In [26]:
import ujson as json
import re
import torch
from tqdm import tqdm
from transformers import AutoTokenizer, AutoModelForCausalLM, pipeline
import random

In [27]:
with open("../data/train-claims.json") as f:
    train = json.load(f)
with open("../data/dev-claims.json") as f:
    dev = json.load(f)
with open("../data/evidence.json") as f:
    evidence = json.load(f)
with open("../data/test-evidence-faiss.json") as f:
    test_faiss = json.load(f)

In [28]:
def build_fewshot_prompt():

    FEWSHOT = """You are a fact verification assistant.
Your task is to choose the correct classification label for a given claim based on the supporting evidence statements.
Possible labels:
- SUPPORTS: All evidence supports the claim as factual.
- REFUTES: All evidence contradicts the claim.
- NOT_ENOUGH_INFO: The evidence is insufficient, irrelevant, or off-topic.
- DISPUTED: Evidence is conflicting or controversial.

Output only the label."""

    label_buckets = {"SUPPORTS": [], "REFUTES": [], "NOT_ENOUGH_INFO": [], "DISPUTED": []}
    for cid, obj in train.items():
        label = obj["claim_label"]
        if label in label_buckets and len(label_buckets[label]) < 3:
            sents = [evidence[eid] for eid in obj["evidences"] if eid in evidence]
            if len(sents) >= 1:
                label_buckets[label].append((obj["claim_text"], sents[:2]))

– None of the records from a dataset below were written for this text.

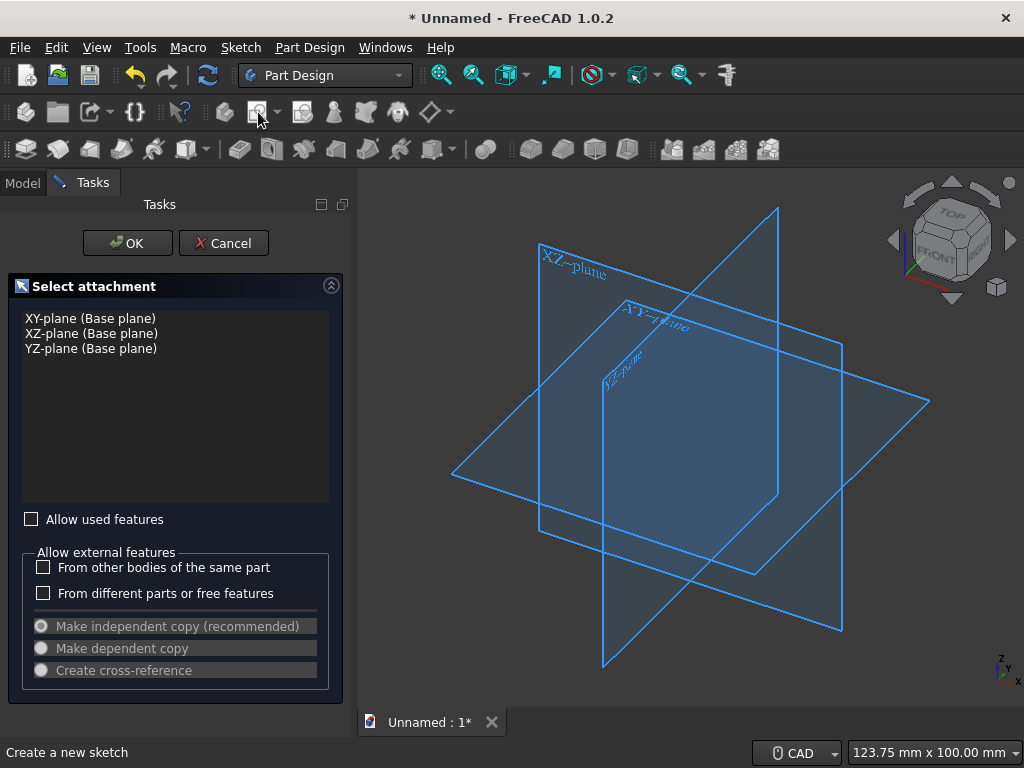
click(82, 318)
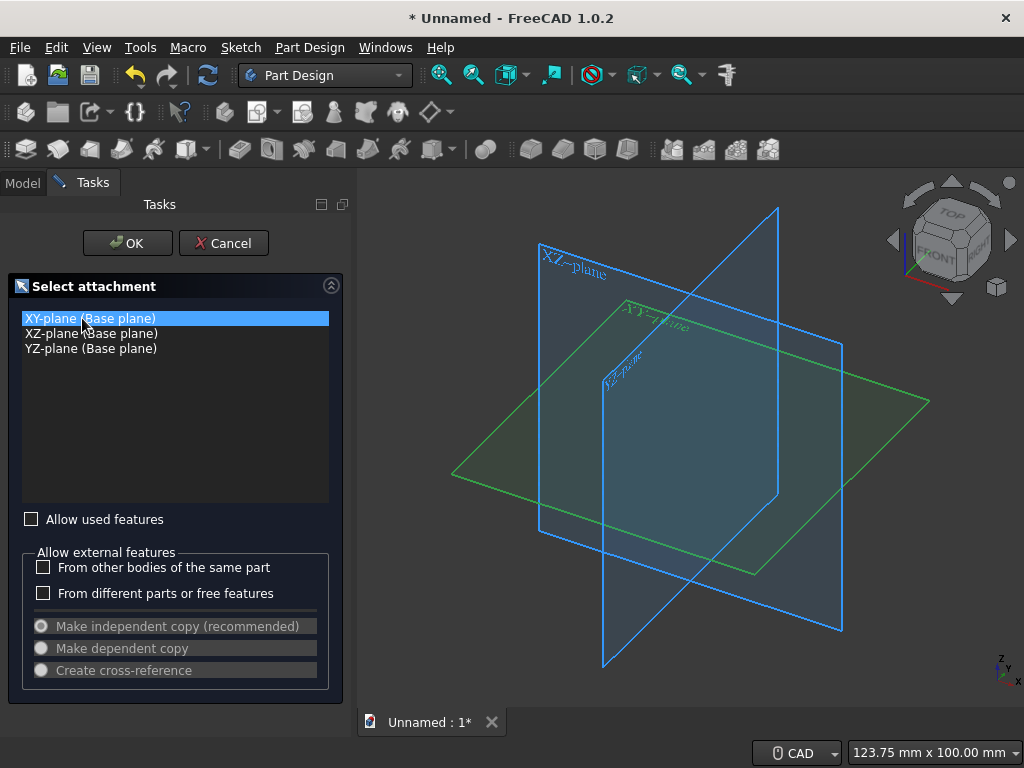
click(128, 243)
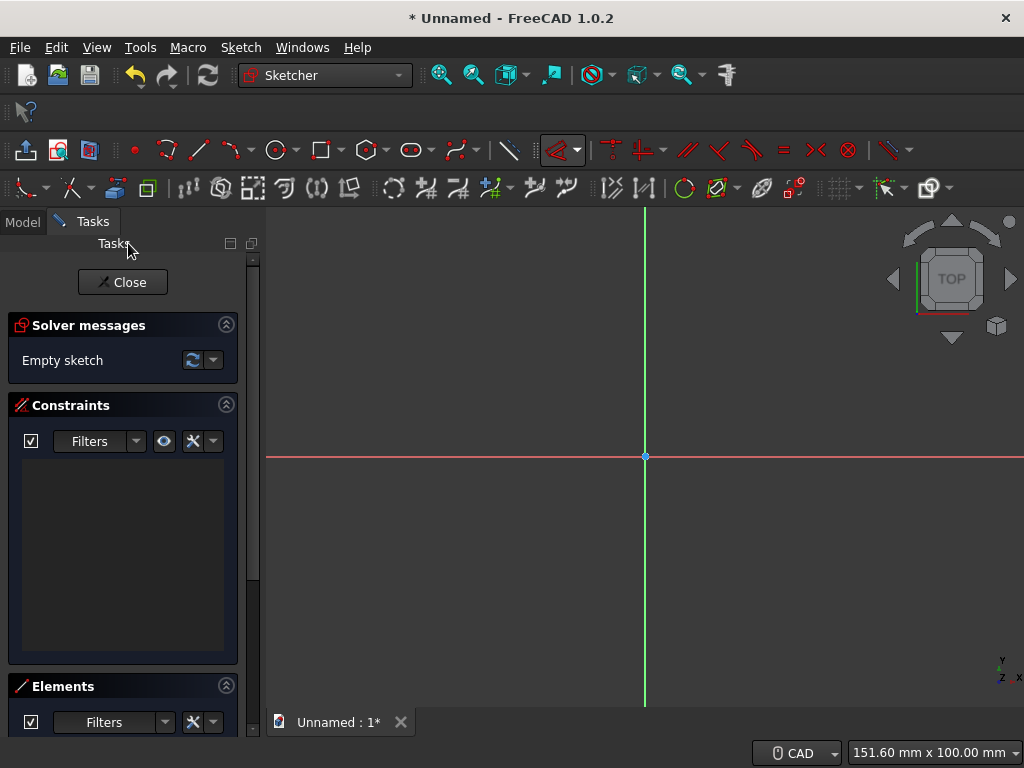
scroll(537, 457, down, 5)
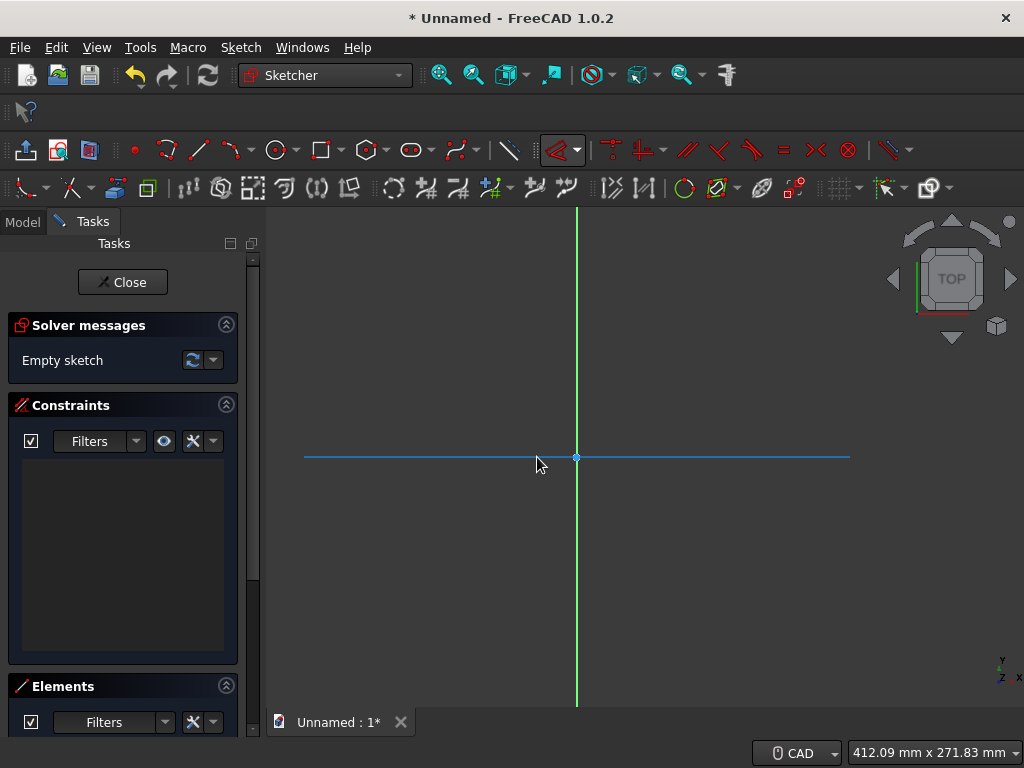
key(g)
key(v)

    # Flatten all examples into one string
    for label, examples in label_buckets.items():
        for claim, sents in examples:
            FEWSHOT += f"\n\n### EXAMPLE\nClaim: {claim}\nStatements:"
            for s in sents:
                FEWSHOT += f"\n- \"{s}\""
            FEWSHOT += f"\nClass: {label}"

    return FEWSHOT

In [29]:
def build_fewshot_prompt_cot():
    FEWSHOT = """You are a fact verification assistant.
Your task is to choose the correct classification label for a given claim based on the supporting evidence statements.
Possible labels:
- SUPPORTS: All evidence supports the claim as factual.
- REFUTES: All evidence contradicts the claim.
- NOT_ENOUGH_INFO: The evidence is insufficient, irrelevant, or off-topic.
- DISPUTED: Evidence is conflicting or controversial.

Before making a decision, explain your reasoning based on the statements.
Output the reasoning followed by the label."""

    label_buckets = {"SUPPORTS": [], "REFUTES": [], "NOT_ENOUGH_INFO": [], "DISPUTED": []}
    for cid, obj in train.items():
        label = obj["claim_label"]
        if label in label_buckets and len(label_buckets[label]) < 2:
            sents = [evidence[eid] for eid in obj["evidences"] if eid in evidence]
            if len(sents) >= 1:
                label_buckets[label].append((obj["claim_text"], sents[:2]))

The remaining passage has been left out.